Я сажусь на его место, развязываю тесемки папки, затем беру чистый лист бумаги и начинаю думать над первой фразой. С чего начать? Может быть, с того, как в Оренбургское летное училище приехал на встречу с курсантами Чкалов? Или прямо сначала войны? Нет, не так начинаются доклады — решительно отказываюсь от страничек прошлого. Надо начать с современной обстановки. Что там у нас сейчас в мировом масштабе? Бряцает Черчилль оружием или уже перестал? Надо посмотреть свежие газеты. Да, конечно, без этого нельзя. Свежие газеты — это главное. Только в них можно почерпнуть начало. Смирившись с таким обстоятельством, спокойно достаю записную книжку и начинаю сочинять стихи. А когда вернется из города с почтой ефрейтор Фролов, тогда и сяду за доклад. Так просидел до обеда. И вот уже вечер. И Фролов из города приехал. Газеты, журналы привез. И письмецо мне. Сначала я подумал — от Тони. Смотрю на конверте штемпель редакции газеты. Вскрыв, читаю:

«Уважаемый тов. Природин. В следующую среду состоится очередное заседание литобъединения. Повестка дня: встреча с ученым-минералогом А. Л. Кияшко. Просьба присутствовать».

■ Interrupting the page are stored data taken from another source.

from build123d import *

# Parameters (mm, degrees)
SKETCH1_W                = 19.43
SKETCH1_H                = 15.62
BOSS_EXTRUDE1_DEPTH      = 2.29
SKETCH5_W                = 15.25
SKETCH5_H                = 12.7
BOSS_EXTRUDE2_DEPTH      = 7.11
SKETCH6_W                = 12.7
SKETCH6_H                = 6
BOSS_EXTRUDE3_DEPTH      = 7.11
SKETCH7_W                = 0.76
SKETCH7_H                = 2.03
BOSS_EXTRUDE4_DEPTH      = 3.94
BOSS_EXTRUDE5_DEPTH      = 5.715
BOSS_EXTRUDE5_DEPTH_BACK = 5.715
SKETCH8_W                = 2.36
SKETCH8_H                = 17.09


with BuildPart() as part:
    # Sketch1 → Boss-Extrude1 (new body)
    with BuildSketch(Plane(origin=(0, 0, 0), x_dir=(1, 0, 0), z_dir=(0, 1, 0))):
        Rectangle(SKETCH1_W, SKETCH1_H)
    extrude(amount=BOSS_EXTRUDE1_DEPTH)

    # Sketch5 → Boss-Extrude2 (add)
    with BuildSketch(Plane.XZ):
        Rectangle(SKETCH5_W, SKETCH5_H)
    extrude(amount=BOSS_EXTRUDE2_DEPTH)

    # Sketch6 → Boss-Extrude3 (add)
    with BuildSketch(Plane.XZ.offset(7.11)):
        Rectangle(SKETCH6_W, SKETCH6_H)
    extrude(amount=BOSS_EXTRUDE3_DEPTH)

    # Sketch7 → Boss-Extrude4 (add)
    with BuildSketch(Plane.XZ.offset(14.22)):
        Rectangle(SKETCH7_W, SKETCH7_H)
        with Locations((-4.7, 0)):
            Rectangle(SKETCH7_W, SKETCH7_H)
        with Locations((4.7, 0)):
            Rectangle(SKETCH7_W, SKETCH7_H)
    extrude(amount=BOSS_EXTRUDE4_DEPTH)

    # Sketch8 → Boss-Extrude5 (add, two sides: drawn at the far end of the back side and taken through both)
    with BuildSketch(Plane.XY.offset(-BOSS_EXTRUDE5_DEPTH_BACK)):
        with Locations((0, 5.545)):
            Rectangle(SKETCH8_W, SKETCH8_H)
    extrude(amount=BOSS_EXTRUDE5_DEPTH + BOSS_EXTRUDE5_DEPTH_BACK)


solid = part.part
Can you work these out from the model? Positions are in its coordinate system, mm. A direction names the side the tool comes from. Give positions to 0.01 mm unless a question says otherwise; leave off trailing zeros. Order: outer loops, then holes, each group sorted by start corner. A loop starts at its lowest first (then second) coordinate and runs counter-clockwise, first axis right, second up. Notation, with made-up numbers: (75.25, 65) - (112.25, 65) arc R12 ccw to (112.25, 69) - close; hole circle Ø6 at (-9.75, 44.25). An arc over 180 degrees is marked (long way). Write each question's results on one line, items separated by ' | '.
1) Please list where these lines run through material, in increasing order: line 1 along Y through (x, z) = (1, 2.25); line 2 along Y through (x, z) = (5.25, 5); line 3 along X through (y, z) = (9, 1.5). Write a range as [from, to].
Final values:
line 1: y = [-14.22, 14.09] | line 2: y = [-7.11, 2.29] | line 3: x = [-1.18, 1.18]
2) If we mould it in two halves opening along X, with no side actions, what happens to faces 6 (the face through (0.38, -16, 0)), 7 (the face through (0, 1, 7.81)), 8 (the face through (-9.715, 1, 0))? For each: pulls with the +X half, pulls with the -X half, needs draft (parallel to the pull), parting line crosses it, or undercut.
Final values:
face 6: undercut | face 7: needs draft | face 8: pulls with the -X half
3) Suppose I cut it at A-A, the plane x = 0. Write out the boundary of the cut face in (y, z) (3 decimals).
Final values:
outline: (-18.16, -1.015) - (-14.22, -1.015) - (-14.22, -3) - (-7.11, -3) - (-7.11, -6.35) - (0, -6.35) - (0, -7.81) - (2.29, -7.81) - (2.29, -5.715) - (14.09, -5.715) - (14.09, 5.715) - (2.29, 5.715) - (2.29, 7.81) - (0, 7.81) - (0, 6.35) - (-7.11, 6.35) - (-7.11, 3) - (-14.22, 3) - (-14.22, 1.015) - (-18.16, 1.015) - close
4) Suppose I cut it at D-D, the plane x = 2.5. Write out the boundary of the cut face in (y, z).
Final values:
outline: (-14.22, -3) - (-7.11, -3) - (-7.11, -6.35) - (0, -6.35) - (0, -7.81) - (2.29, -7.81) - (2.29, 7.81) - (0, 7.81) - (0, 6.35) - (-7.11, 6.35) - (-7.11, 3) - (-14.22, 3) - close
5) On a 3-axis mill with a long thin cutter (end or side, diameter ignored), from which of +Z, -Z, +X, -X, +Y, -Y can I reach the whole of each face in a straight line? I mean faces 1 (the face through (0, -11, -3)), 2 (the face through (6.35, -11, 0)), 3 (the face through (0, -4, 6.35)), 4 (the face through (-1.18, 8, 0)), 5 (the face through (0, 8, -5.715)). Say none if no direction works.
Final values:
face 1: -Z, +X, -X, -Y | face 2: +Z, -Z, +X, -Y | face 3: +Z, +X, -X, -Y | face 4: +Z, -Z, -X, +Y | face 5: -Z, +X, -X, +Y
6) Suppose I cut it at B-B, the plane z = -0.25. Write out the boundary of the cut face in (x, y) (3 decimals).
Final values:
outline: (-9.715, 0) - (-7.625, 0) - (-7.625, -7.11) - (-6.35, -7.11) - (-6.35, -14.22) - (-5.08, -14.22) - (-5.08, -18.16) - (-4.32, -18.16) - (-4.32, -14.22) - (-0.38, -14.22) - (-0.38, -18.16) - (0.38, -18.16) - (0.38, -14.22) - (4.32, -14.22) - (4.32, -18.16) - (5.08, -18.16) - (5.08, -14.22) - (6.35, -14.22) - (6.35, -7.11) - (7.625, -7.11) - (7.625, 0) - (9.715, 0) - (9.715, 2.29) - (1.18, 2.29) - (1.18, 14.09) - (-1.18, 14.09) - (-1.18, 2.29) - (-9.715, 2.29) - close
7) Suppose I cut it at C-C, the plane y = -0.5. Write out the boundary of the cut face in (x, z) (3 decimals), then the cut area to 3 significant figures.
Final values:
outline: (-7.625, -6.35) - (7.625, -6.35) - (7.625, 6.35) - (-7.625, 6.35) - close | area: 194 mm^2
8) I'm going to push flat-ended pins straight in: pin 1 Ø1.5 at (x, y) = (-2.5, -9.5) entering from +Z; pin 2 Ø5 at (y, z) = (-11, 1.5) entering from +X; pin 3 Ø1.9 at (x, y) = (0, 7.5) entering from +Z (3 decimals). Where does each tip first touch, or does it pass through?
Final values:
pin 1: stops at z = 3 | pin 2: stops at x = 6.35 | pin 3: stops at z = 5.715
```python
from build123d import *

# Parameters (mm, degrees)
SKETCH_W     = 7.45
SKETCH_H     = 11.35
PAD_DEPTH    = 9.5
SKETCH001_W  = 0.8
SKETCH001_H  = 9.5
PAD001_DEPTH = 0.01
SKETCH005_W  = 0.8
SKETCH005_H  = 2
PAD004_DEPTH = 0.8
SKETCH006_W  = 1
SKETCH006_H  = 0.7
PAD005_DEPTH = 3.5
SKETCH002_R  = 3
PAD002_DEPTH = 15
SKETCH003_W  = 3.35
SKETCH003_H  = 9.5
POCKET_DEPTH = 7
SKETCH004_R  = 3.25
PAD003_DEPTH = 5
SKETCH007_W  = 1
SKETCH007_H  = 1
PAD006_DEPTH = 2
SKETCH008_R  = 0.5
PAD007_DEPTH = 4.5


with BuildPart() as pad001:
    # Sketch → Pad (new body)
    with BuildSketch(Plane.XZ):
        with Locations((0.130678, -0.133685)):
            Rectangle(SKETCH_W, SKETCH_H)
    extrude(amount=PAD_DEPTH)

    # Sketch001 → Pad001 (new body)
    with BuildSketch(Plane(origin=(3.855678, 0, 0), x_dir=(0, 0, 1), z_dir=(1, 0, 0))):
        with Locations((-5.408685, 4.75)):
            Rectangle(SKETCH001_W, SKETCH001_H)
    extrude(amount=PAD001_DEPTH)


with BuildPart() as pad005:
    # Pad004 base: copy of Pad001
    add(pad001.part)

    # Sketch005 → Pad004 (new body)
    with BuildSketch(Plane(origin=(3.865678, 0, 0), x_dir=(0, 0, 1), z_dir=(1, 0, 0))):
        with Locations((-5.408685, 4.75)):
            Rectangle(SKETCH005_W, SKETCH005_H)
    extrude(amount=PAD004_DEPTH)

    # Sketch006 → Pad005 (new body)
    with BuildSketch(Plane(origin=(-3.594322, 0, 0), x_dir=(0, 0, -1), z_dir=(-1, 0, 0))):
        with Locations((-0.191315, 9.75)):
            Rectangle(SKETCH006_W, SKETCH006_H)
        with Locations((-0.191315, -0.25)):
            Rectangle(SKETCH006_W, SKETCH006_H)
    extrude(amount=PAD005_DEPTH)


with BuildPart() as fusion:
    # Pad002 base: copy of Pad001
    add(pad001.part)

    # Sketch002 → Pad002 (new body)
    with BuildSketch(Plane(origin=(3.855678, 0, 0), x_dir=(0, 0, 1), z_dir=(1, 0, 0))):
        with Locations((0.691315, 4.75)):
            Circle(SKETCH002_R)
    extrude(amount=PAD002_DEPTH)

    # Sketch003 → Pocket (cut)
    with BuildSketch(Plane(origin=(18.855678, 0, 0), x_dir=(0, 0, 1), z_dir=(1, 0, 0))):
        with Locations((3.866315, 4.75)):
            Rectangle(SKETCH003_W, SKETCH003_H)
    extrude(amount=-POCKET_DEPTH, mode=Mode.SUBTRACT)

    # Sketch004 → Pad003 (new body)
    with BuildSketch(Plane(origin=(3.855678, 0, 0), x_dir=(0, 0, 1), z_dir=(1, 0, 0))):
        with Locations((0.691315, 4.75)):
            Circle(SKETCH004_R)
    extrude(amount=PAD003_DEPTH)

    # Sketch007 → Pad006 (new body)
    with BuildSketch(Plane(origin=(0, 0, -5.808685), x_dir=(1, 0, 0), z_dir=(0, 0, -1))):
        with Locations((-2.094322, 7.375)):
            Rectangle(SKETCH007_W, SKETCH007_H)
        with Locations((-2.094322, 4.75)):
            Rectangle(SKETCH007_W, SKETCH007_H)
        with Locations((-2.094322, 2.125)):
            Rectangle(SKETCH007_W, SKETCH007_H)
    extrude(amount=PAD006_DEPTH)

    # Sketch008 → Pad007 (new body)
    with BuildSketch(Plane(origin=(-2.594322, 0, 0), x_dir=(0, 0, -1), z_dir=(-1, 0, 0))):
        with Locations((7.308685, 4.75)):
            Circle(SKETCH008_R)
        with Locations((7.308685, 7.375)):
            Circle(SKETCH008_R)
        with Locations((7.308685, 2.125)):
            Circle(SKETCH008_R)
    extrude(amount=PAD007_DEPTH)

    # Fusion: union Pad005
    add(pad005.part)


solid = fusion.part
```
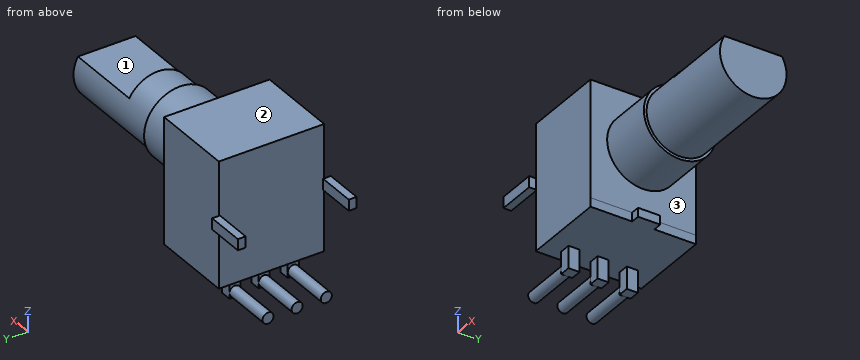
Input: part model. Units: mm. Frame: model coordinates. Face numbers are marked on the shaded views. A direction names the side the tool comes from. Round coordinates to 2 decimals unless told otherwise and drop trailing zeros. Loops run counter-clockwise (first coordinate to the right, second up) from the corner with the lowest first, then second, coordinate; pieces in that order, holes last. Notation, with made-up numbers: M 59.5,67 L 68.5,67 A13 ccw 68.5,92 Z; hole C 23.5,-27 d8. An arc over 180 degrees is marked long. Answer in a Markdown table with one row per item. Add a question column.
1. Section D-D (x = 7.25). Output: boundary loops of the cut face in (y, z).
2. Section C-C (z = 4.25). Output: boundary loops of the cut face in (x, y), and give its area (3 significant figures).
3. Set-up query: the marked faces 1, 2 and 3. Return all of +Z, -Z, +X, -X, +Y, -Y with unobstructed straight access to the full face (end or side cutting, diameter ignored); none if empty.
4. Ray query, probe 1 along X at (y, z) = (-6.75, 2.5); probe 2 along X at (y, z) = (-1.25, -4.25); probe 3 along Y at (x, z) = (1.25, -1.5). Return the intervals inside material, ascending.
5. Section A-A (x = 1.5). Output: boundary loops of the cut face in (y, z), and give its area (3 significant figures).
6. Contact query for flat-ended pins moving along their axis: pin 1 (3 mm diameter, centred on y = -4, z = -0.5, fed in from -X); pin 2 (1.2 mm diameter, centred on y = -4, z = 3, fed in from +X); pin 3 (5.5 mm diameter, centred on x = 13.5, y = -4.5, fed in from +Z). Output: stop coordinate, or through.
Values follow:
| question | item | result |
|---|---|---|
| 1 | outline | C -4.75,0.69 d6.5 |
| 2 | outline | M -3.59,-9.5 L 3.86,-9.5 L 3.86,0 L -3.59,0 Z |
| 2 | area | 70.8 mm^2 |
| 3 | face 1 | +Z, +X, +Y, -Y |
| 3 | face 2 | +Z, +X, -X, +Y, -Y |
| 3 | face 3 | +X |
| 4 | probe 1 | -3.59 to 11.86 |
| 4 | probe 2 | -3.59 to 3.86 |
| 4 | probe 3 | -9.5 to 0 |
| 5 | outline | M -9.5,-5.81 L 0,-5.81 L 0,5.54 L -9.5,5.54 Z |
| 5 | area | 108 mm^2 |
| 6 | pin 1 | x = -3.59 |
| 6 | pin 2 | x = 11.86 |
| 6 | pin 3 | z = 3.69 |
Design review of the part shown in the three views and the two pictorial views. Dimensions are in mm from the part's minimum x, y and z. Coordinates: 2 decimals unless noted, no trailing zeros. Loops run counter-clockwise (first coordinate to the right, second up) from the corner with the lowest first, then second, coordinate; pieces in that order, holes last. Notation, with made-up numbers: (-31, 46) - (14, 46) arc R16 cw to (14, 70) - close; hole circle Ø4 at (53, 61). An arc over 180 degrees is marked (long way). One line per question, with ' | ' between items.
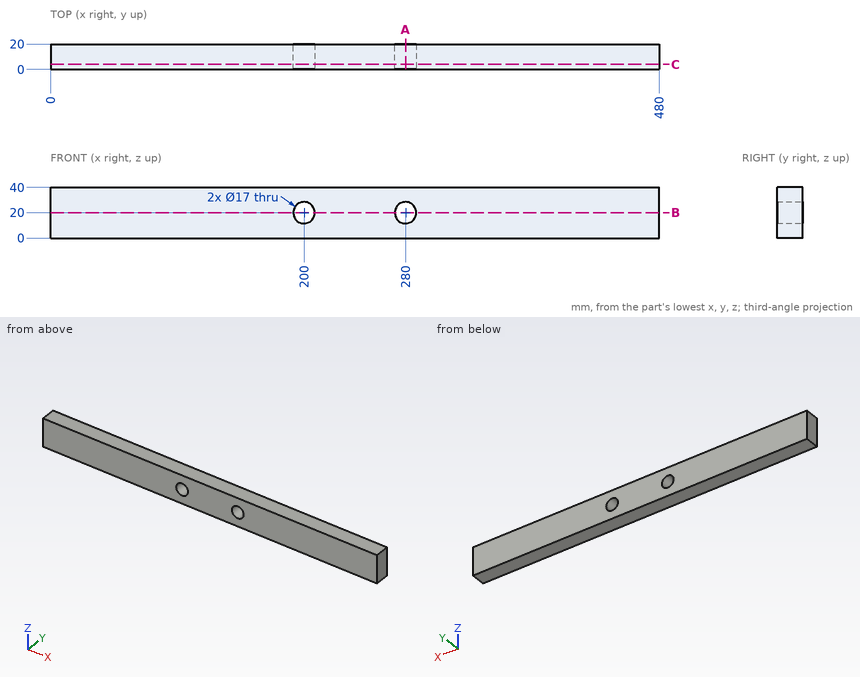
Q1. Take a section at A-A (x = 280). Give the boundary of the cut face in (y, z).
Returned:
outline: (0, 0) - (20, 0) - (20, 11.5) - (0, 11.5) - close; (0, 28.5) - (20, 28.5) - (20, 40) - (0, 40) - close
Q2. Take a section at C-C (y = 4). Give the boundary of the cut face in (x, z), plus the area to 3 significant figures.
Returned:
outline: (0, 0) - (480, 0) - (480, 40) - (0, 40) - close; hole circle Ø17 at (200, 20); hole circle Ø17 at (280, 20) | area: 18,700 mm²
Q3. Take a section at B-B (z = 20). Give the boundary of the cut face in (x, y), plus the area to 3 significant figures.
Returned:
outline: (0, 0) - (191.5, 0) - (191.5, 20) - (0, 20) - close; (208.5, 0) - (271.5, 0) - (271.5, 20) - (208.5, 20) - close; (288.5, 0) - (480, 0) - (480, 20) - (288.5, 20) - close | area: 8,920 mm²
Q4. To check wall thickness, follow line 1 along Z through (x, y) = (200, 7); line 2 along X through (y, z) = (12, 16.5); line 3 along X through (y, z) = (7.5, 22.5). State the ranges of each line that lie inside material, in increasing order.
Returned:
line 1: z = 0 to 11.5, 28.5 to 40 | line 2: x = 0 to 192.25, 207.75 to 272.25, 287.75 to 480 | line 3: x = 0 to 191.88, 208.12 to 271.88, 288.12 to 480

Великолепно! Наконец-то! Но почему с ученым? Может быть, он пишет рассказы, как тот артист, у которого таджик украл коробочку хлопка? Ладно, увидим. Главное, чтобы Бабаев разрешил выезд на заседание. А чтобы разрешил, необходимо, по крайней мере, написать хоть часть порученного доклада. Беру со стола центральные газеты, начинаю штудировать разделы международной политики. Черчилль, Трумэн... План Маршалла. Вот оно черное пятно современности. Государственный секретарь США Маршалл пестует доктрину Трумэна о помощи западноевропейским государствам...

Чары, назябшийся на аэродроме, закутавшись почти с головой под одеяло, спрашивает:

— Что-то ты в последнее время стал увлекаться политикой! Это мне нравится. Политика — область самых серьезных людей.

— А стихи, по-твоему, забава?

— Такие, как у тебя, конечно, забава. Надо так писать, чтобы каждая строчка давала пищу уму, содержала мудрость, как у Махтумкули. А у тебя даже философия какая-то бесхребетная.

— Сомкни челюсти и не мешай,— говорю я спокойно.

— Нет, я серьезно,— отзывается Чары.— Ты, например, все время разграничиваешь добро и зло, а Махтумкули, знаешь, как об этом писал? Вот послушай:

Душевной радости не даст
Не обижавший век другого:
Едва ли на доброе горазд,
Кто никогда не делал злого...

— А у тебя все разговоры о добре,— смеется Чары.

— Странная философия,— сомневаюсь я, не веря, что это строки Махтумкули.

— Ничего странного,— возражает Чары.— Истинное добро ты несешь своему народу, когда делаешь зло врагу. Разве не так?

— Да, пожалуй, так, — соглашаюсь я. — Все дело в том, в какой обстановке рассматриваются понятия «добро» и «зло». С глобальной точки зрения, конечно: и Махтумкули и ты — оба правы. Именно в поддержку ваших умозаключений и я берусь заклеймить план Маршалла в одном из очередных своих докладов!

— Вах-хов! — смеется Чары.— Быстро растешь! Только никак не могу понять, перед какой аудиторией выступишь? А-а! — вдруг догадывается он.— Наверное твоя очередь выступать на следующих политзанятиях?! Молодец, сержант Природин. Занимайтесь своим докладом.

В Хурангиз я выехал в среду утром. Замполит дал поручение зайти в драматический театр, отыскать режиссера Лугового и поговорить: не согласится ли тот вести драмкружок авиаторов.

Спешу к общежитию пединститута. Сердце бешено скачет, подхлеснутое жаждой встречи. С Тоней я не виделся целых три месяца. Лечу по лестнице вверх, не замечая ступенек. Дверь в комнату открыта. Девчата все в сборе и, судя по всему, не очень веселы. Тоня сидит, склонившись над книжкой.